I spent a year of my life covering al-Qaida for The New York Times. It was the work in which I, and other investigative reporters, won the Pulitzer Prize. And I spent seven years of my life in the Middle East. I was the Middle East bureau chief for The New York Times. I’m an Arabic speaker. And when someone I heard of the news, my stomach sank. I’m not in any way naïve about what al-Qaida is. It’s an organization that terrifies me. I know it intimately.

But I’m also intimately familiar with the collective humiliation that we have imposed on the Muslim world. The expansion of military occupation that took place throughout, in particular the Arab world, following 9/11—and that this presence of American imperial bases, dotted, not just in Iraq and Afghanistan, but in Kuwait, Saudi Arabia, Doha—is one that has done more to engender hatred and acts of terror than anything ever orchestrated by Osama bin Laden.

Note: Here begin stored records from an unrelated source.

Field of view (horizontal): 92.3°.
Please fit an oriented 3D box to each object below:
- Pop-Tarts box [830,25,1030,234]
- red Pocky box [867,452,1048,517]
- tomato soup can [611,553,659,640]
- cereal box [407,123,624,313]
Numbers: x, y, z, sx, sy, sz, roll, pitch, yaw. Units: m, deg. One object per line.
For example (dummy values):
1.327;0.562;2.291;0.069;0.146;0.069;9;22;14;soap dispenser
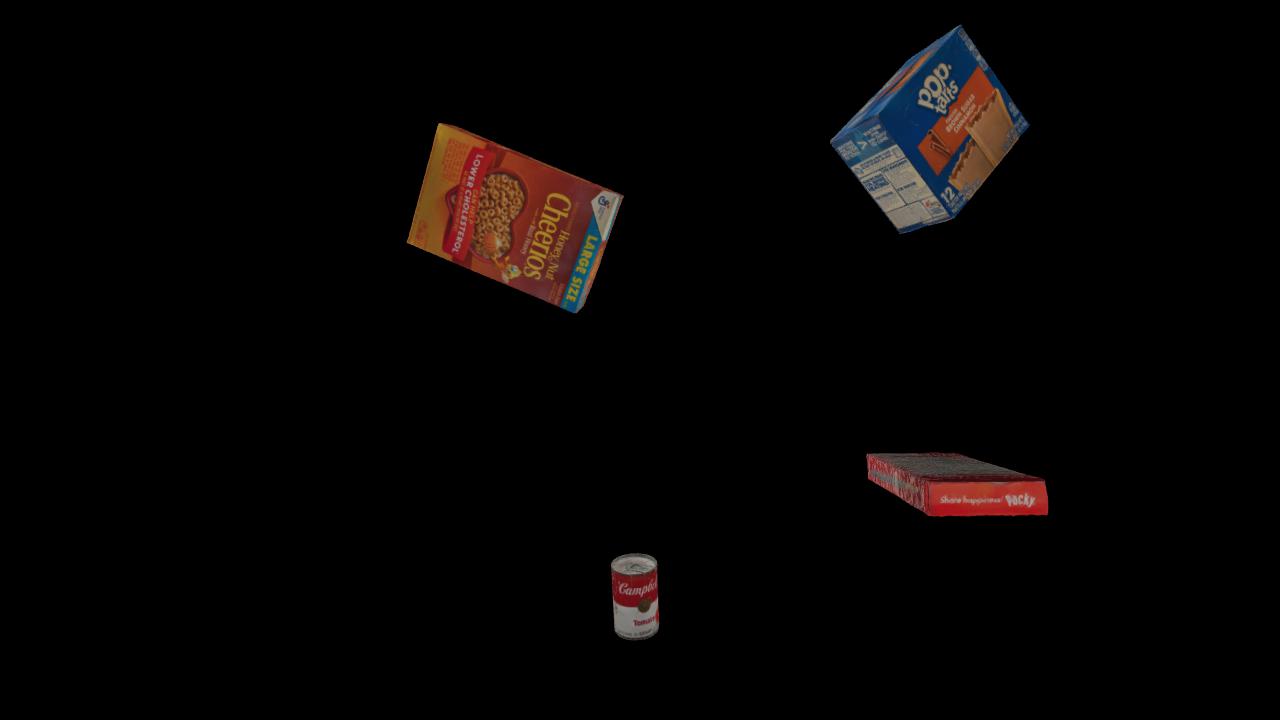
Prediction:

And the killing of bin Laden, who has absolutely no operational role in al-Qaida—that’s clear—he’s kind of a spiritual mentor, a kind of guide … he functions in many of the ways that Hitler functioned for the Nazi Party. We were just talking with Warren about Kershaw’s great biography of Hitler, which I read a few months ago, where you hold up a particular ideological ideal and strive for it. That was bin Laden’s role. But all actual acts of terror, which he may have signed off on, he no way planned.  Read …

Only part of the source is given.